- Signature date: December 18, 1897
- Subject: On the Manitoba Schools Question
- Number: 68 of 88 of the pontificate
- Text: In Latin; In English;

= Affari vos =

Papal encyclical by Pope Leo XIII

Affari vos (Latin, meaning 'Your Affairs') is a papal encyclical published by Pope Leo XIII in 1897, commenting on the Manitoba Schools Question in Canada.

In his encyclical, Leo reviewed the background to the religious and constitutional dispute in the province of Manitoba concerning publicly funded Catholic schools, and the recent compromise reached by Wilfrid Laurier, the prime minister of Canada, with Thomas Greenway, the premier of Manitoba.

Leo advised the Catholics in Manitoba to accept the compromise solution, while working towards the re-establishment of publicly funded Catholic schools in the future.

== Background ==

When the province of Manitoba was created in 1870, there was a provision in the Manitoba Act, 1870 relating to denominational schools in the province. The guarantee related to public funding for denominational schools, but also had linguistic overtones, as the Catholics in Manitoba at that time tended to be francophone, while the Protestants tended to be anglophone.

Twenty years later, settlement in the province had resulted in a demographic shift, with the majority of the population being Protestant and anglophone. This resulted in the Manitoba government passing a provincial statute which abolished the public funding for denominational schools. The policy shift by the Manitoba government triggered a major political debate in Canada as a whole, between French-Canadians and English-Canadians. There was extensive litigation and an attempt by the federal Conservative government to enact remedial legislation to restore the funding for denominational schools in Manitoba.

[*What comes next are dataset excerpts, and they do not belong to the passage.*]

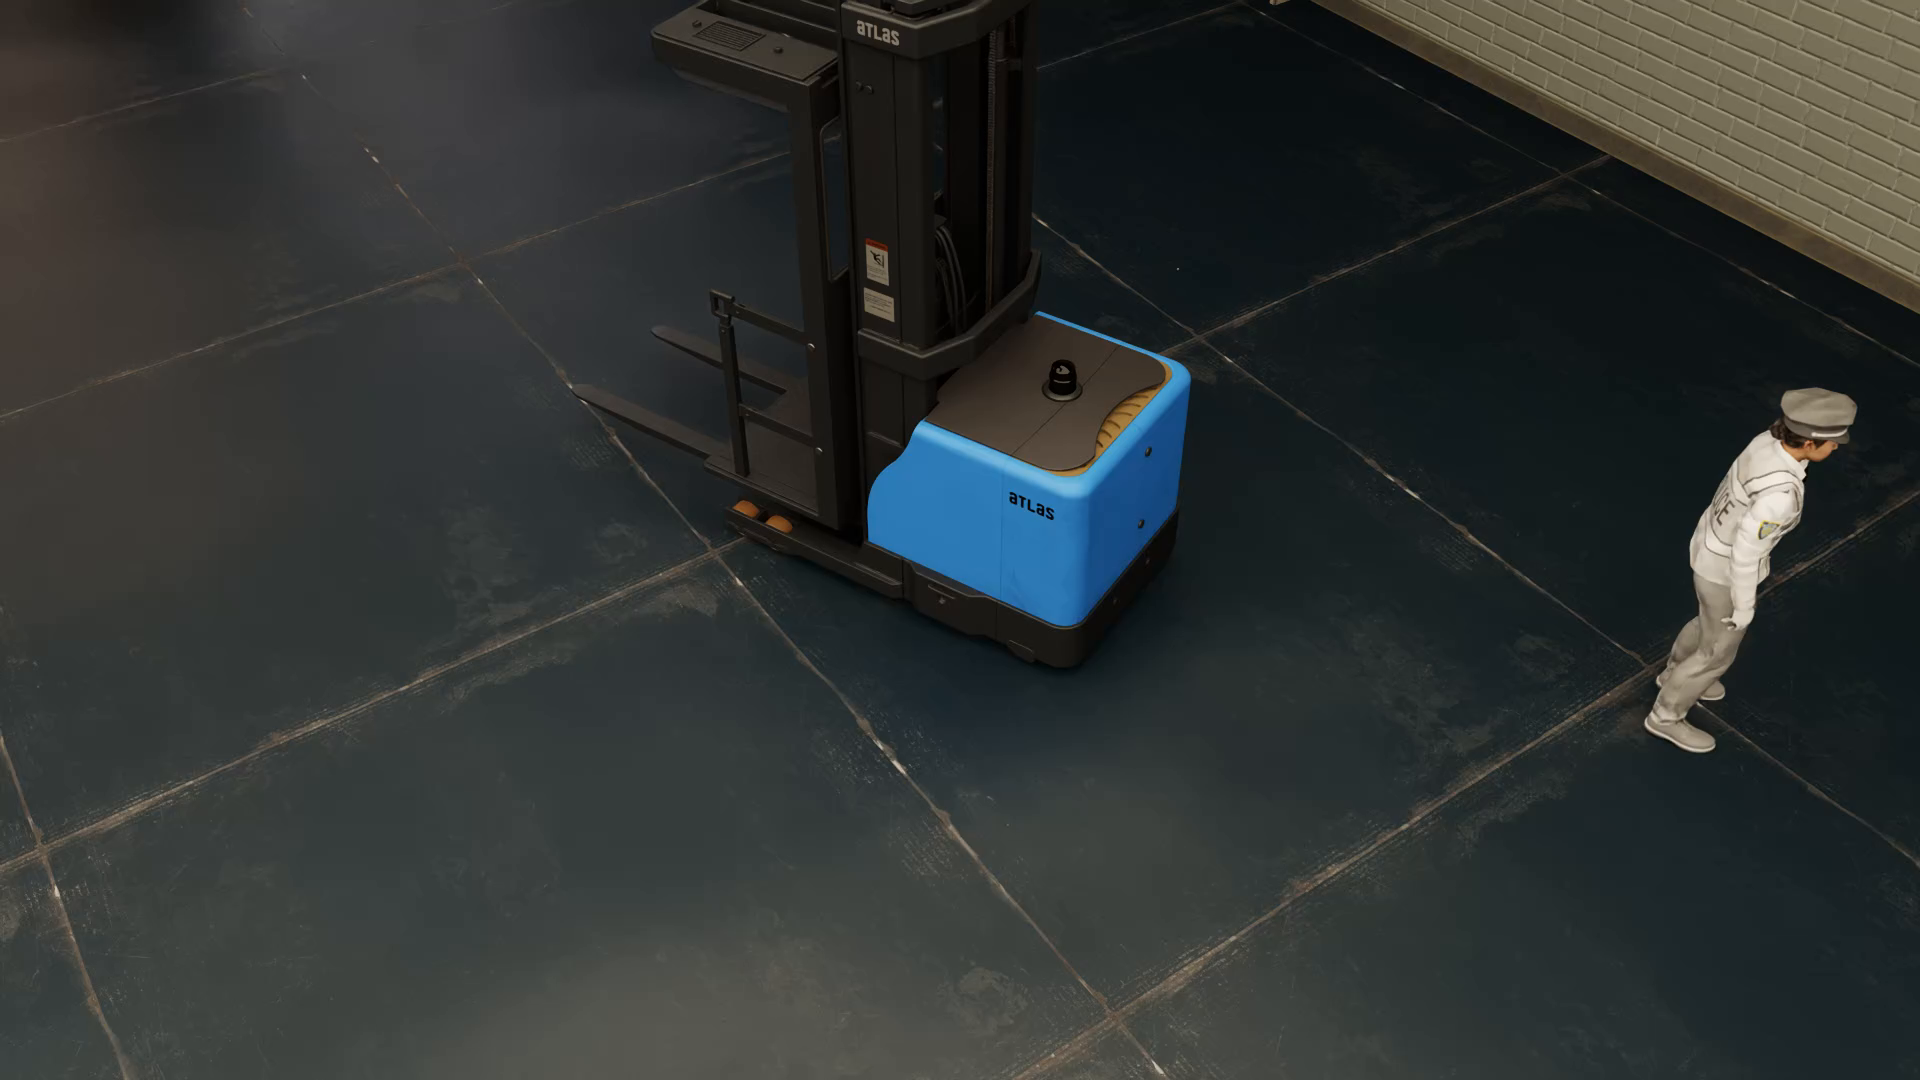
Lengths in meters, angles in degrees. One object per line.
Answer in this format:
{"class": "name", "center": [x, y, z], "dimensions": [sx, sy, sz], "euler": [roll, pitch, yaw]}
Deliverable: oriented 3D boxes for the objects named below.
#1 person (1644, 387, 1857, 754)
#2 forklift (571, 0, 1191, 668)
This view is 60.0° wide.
{"class": "person", "center": [3.057, 0.114, 6.535], "dimensions": [0.380, 1.667, 0.534], "euler": [14, 44, 14]}
{"class": "forklift", "center": [-0.511, -1.302, 7.129], "dimensions": [3.031, 2.935, 1.130], "euler": [24, 48, 24]}
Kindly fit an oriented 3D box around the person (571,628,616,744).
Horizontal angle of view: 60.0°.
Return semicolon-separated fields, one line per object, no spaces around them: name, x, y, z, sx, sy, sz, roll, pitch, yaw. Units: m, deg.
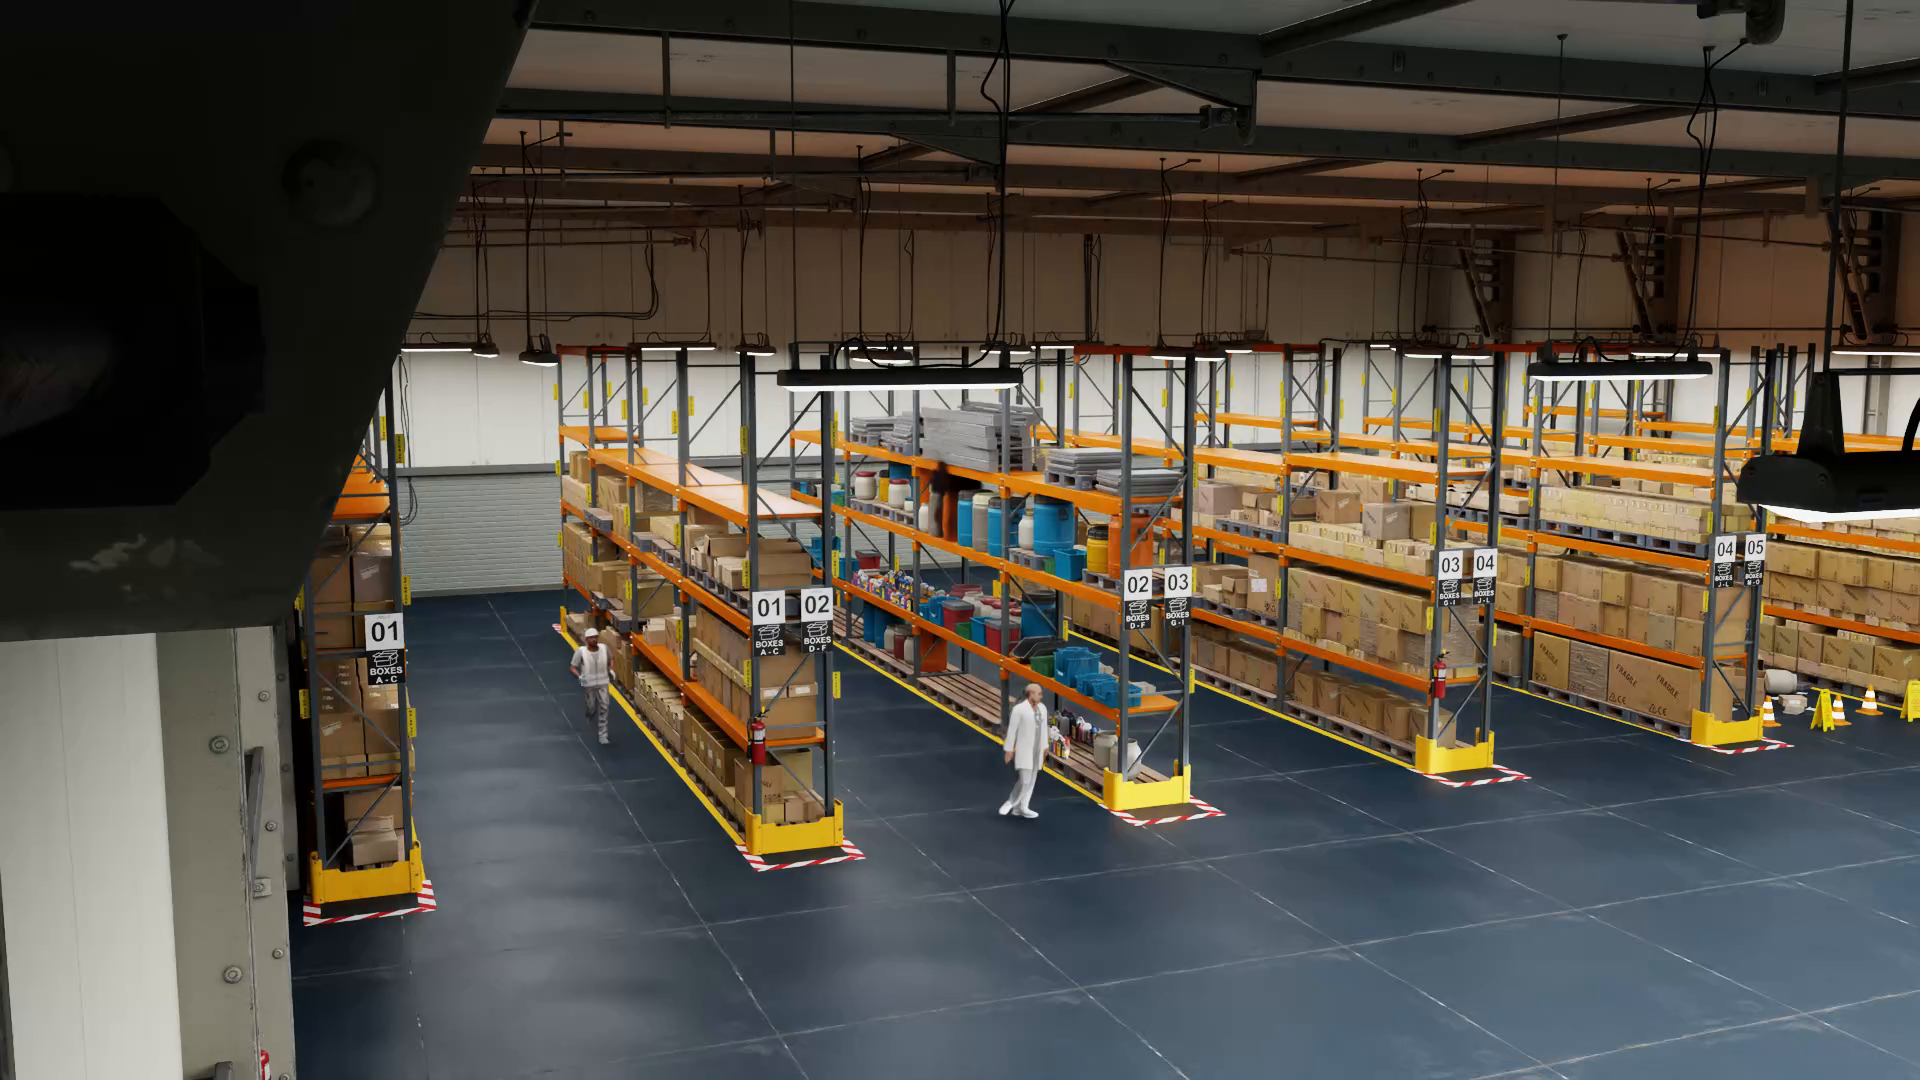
person;-5.636;2.222;25.608;0.692;1.763;0.877;-3;8;-22

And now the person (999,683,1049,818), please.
person;0.865;2.723;21.435;0.673;1.766;0.514;-6;9;-39

In the federal election of 1896, the Conservatives were defeated by the Liberal party, and Wilfrid Laurier, a French-Canadian Catholic from Quebec, became prime minister of Canada. He negotiated a compromise with the premier of Manitoba, Thomas Greenway. The compromise did not restore the previous public funding for religious schools, but provided that there could be Catholic religious education and French schooling in the public schools, if certain conditions were met, school-by-school.

== Appeal to the Pope ==

Some Catholics in Manitoba were not satisfied with the compromise and appealed to Pope Leo for his assistance. In response, Leo appointed Msg Rafael Merry del Val as apostolic delegate to Canada, with instructions to gather information on the situation to assist Leo in making his decision on the issue.

== The Encyclical ==

On December 18, 1897, Leo released the encyclical, entitled Affari vos. In it, he recited the history of the dispute, and paid tribute to the information gathered by Merry del Val on the situation.

Leo acknowledged that the compromise was not ideal, and stated that: "God helping, they will one day obtain full satisfaction". However, he also urged the Catholics in Manitoba to accept the partial solution offered:

He went on to urge the Catholics in Manitoba to develop, as best they could, a solid Catholic educational curriculum that could be used in the public schools under the new situation. He also urged them to show a common front of reasonableness in dealing with the press, with the goal of developing public support for their position.